An electric automobile is a vehicle using batteries as power source. Since the electric automobile has a smaller adverse effect on the environment than traditional automobiles, the electric automobile is the development trend of future automobiles as the requirements for energy conservation and emission reduction for automobiles continuously increases.
The batteries of the electric automobile generate heat during operation, which increases the temperature of the batteries, and the longer the batteries operate, and the more heat the batteries accumulate, thus the temperature of the batteries gets higher. If the batteries are not cooled in time, the working performance and service life of batteries will be adversely influenced. In the conventional technology, batteries of the electric automobile are generally cooled by a battery cooling system, the cooling capacity of which is generally provided by an air conditioning system of the electric automobile.
In general, the battery cooling system includes a plate heat exchanger and a thermal expansion valve. The plate heat exchanger substantially has two kinds of structures, one kind is formed by stacking a series of heat exchanging plates with certain corrugations, and the other kind employs fin structures between heat exchanging plates as flow passages. Both structures may form a passage for an interaction between the two kinds of media to realize heat exchange between the two kinds of media. When the plate heat exchanger is applied in the battery cooling system, two kinds of media in the passage are a refrigerant and a cooling liquid. The principle of the battery cooling system is described as follows, after flowing out of a thermal expansion valve, the refrigerant cools the cooling liquid via the plate heat exchanger, and then the cooling liquid cools the batteries via a battery cooling plate.
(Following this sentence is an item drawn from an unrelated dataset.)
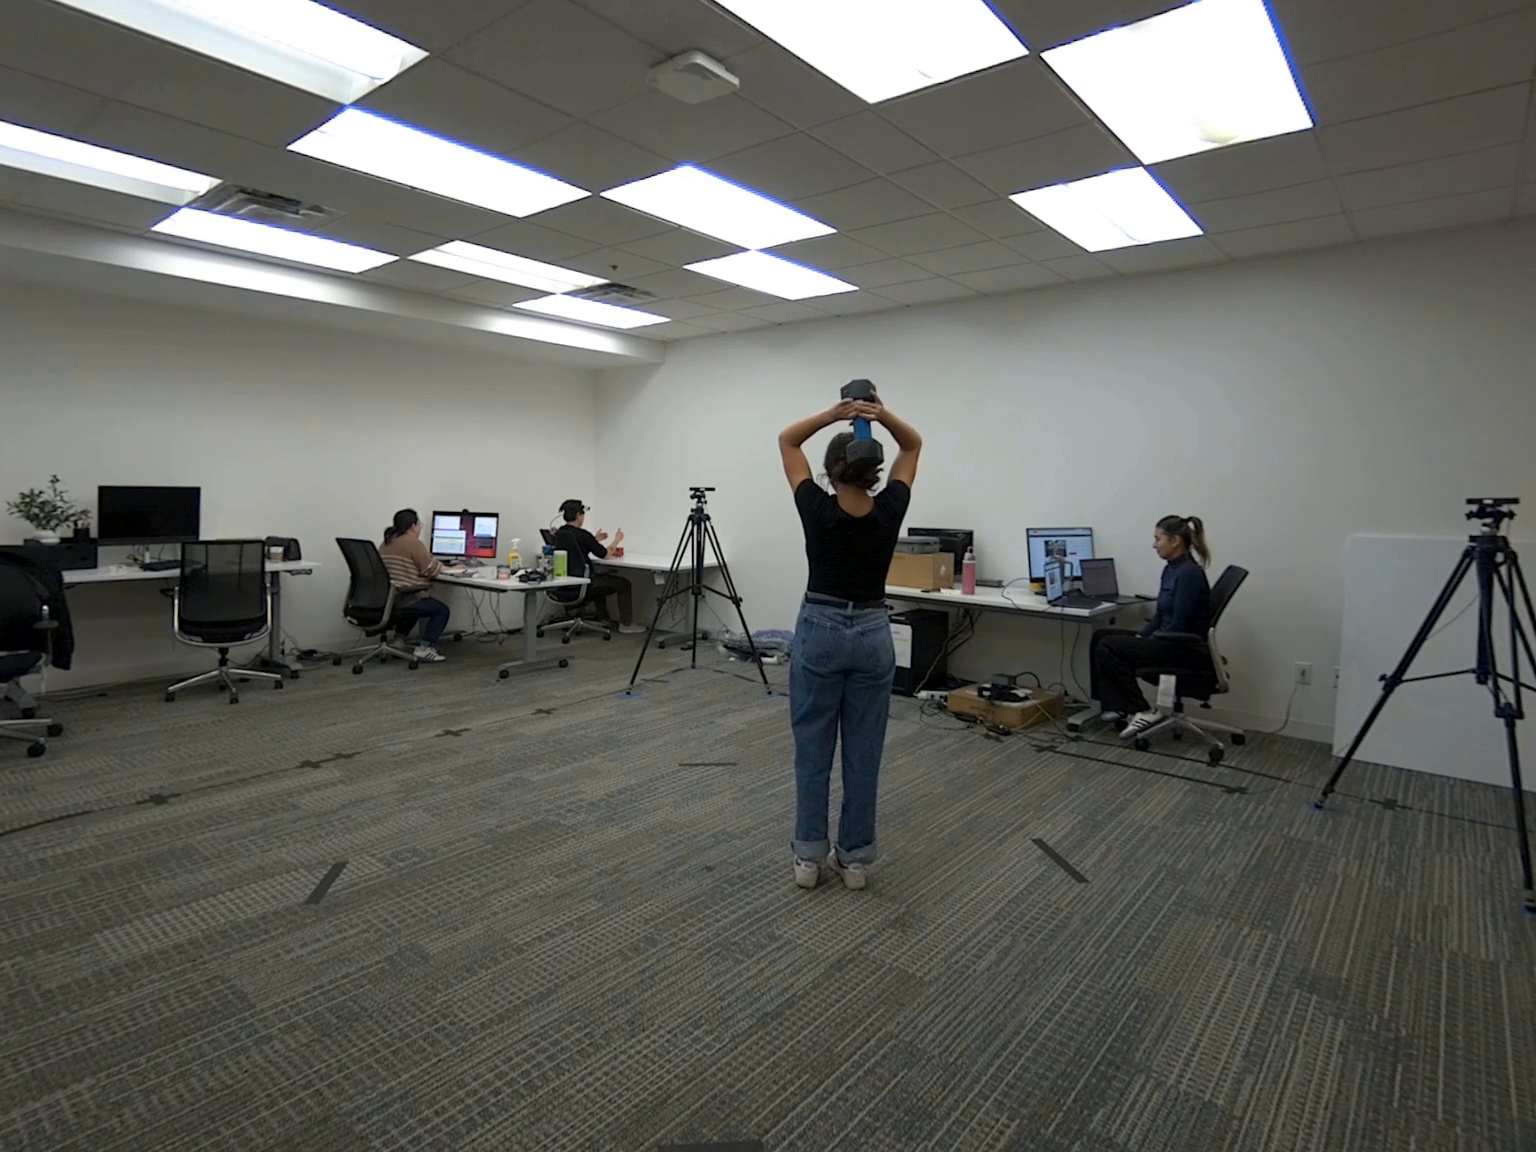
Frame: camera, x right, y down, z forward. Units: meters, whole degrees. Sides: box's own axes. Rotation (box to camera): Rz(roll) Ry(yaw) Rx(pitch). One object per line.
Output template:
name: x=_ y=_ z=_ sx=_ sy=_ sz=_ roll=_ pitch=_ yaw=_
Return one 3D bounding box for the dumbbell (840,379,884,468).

Reference is made to FIG. 1. The connection between a conventional plate heat exchanger 1′ and a thermal expansion valve 2′ is realized by leading out connecting pipes 3′ at a refrigerant inlet and a refrigerant outlet of the plate heat exchanger 1′ to connect to the thermal expansion valve 2′. However, this indirect connection has the following disadvantages.
1. Since the plate heat exchanger 1′ and the thermal expansion valve 2′ has a complicated connection structure, the assembly has a large volume, and is inconvenient to be installed inside the automobile.
2. The plate heat exchanger 1′ and the thermal expansion valve 2′ are connected by pipelines, thus there are many parts, and the cost is relatively high.
3. Connection pipelines between the plate heat exchanger 1′ and the thermal expansion valve 2′ are long, thus the whole assembly has a poor vibration-proof performance, and ruptures of the connection pipe and other phenomena are apt to occur.
4. As pipelines and other materials are added, the whole assembly has a heavy weight.
5. The refrigerant needs to pass through the pipelines to flow from the thermal expansion valve to the plate heat exchanger, which is bound to adversely affect the refrigeration effect.
Therefore, an urgent technical issue to be addressed by the person skilled in the art is to integrate a heat exchanger with other parts, to enable the heat exchanger to be directly connected to the expansion valve, so as to enable the heat exchanger to have a compact structure, a good vibration-proof performance, a low cost and be easy to install.